◆ How to complete this task:
Within the records below, filter for lines carrying the word "degrees" and copy them.

◆ Dataset records:
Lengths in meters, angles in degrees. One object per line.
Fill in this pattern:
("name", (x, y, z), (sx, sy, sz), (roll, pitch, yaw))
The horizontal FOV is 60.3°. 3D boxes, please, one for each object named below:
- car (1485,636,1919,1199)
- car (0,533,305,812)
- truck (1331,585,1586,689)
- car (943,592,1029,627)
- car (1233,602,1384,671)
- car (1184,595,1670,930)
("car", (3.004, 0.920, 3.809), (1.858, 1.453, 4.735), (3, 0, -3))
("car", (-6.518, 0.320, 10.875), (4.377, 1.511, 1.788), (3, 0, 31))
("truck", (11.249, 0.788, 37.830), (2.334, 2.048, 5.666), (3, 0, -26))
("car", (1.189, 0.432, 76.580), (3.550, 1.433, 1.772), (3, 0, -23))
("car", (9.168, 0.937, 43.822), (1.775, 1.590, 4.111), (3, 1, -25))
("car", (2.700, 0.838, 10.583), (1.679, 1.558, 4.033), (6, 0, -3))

...

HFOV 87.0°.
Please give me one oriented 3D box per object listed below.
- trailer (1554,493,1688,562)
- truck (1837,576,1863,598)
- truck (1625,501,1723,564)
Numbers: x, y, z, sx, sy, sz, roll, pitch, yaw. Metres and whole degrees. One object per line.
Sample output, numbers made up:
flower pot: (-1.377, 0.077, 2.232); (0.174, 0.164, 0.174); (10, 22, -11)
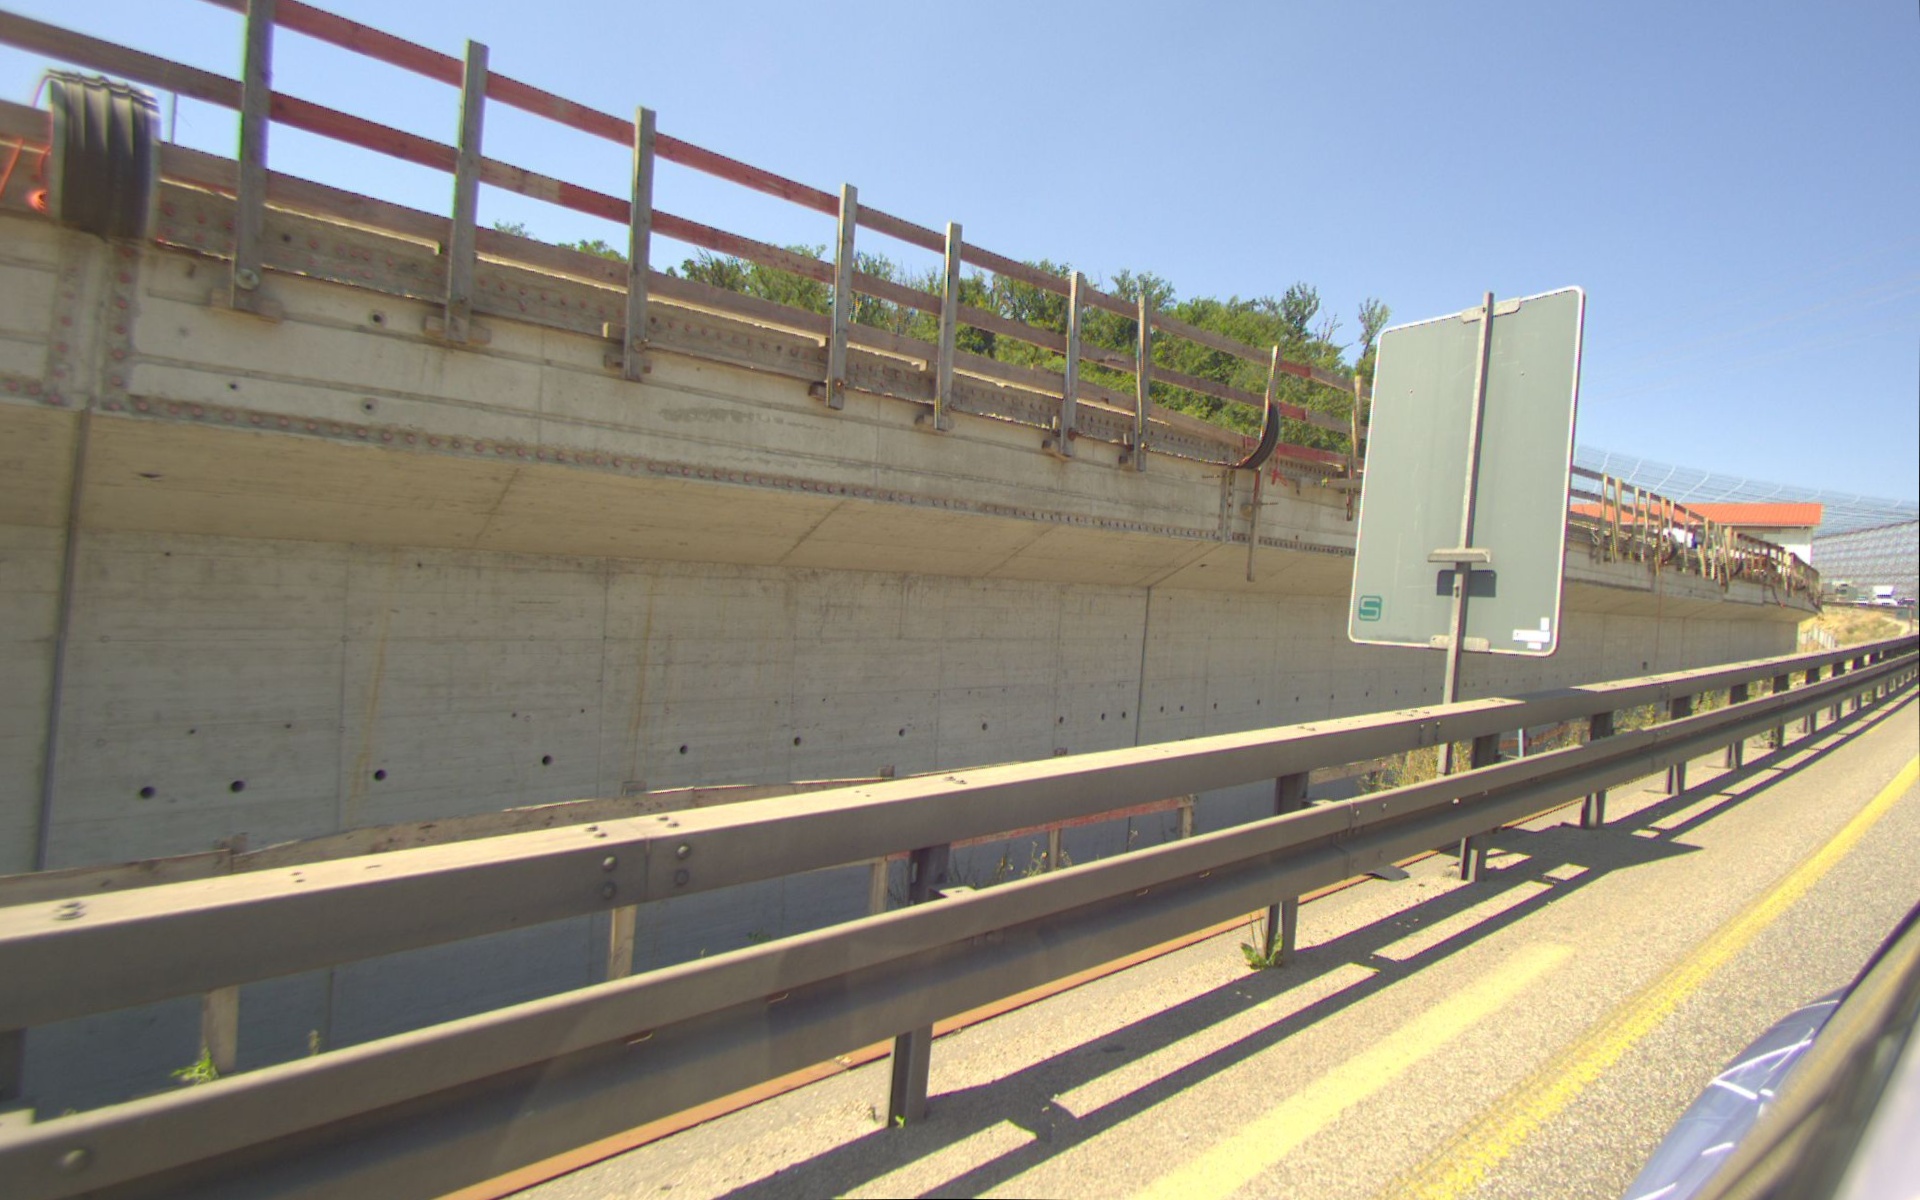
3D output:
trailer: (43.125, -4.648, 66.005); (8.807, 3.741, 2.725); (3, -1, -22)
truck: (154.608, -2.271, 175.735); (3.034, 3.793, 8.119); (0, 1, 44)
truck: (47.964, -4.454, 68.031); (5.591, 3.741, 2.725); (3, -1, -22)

◆ Answer box:
Lengths in meters, angles in degrees. One object per line.
Numbers: x, y, z, sx, sy, sz, roll, pitch, yaw. Metres and whole degrees. One object per line.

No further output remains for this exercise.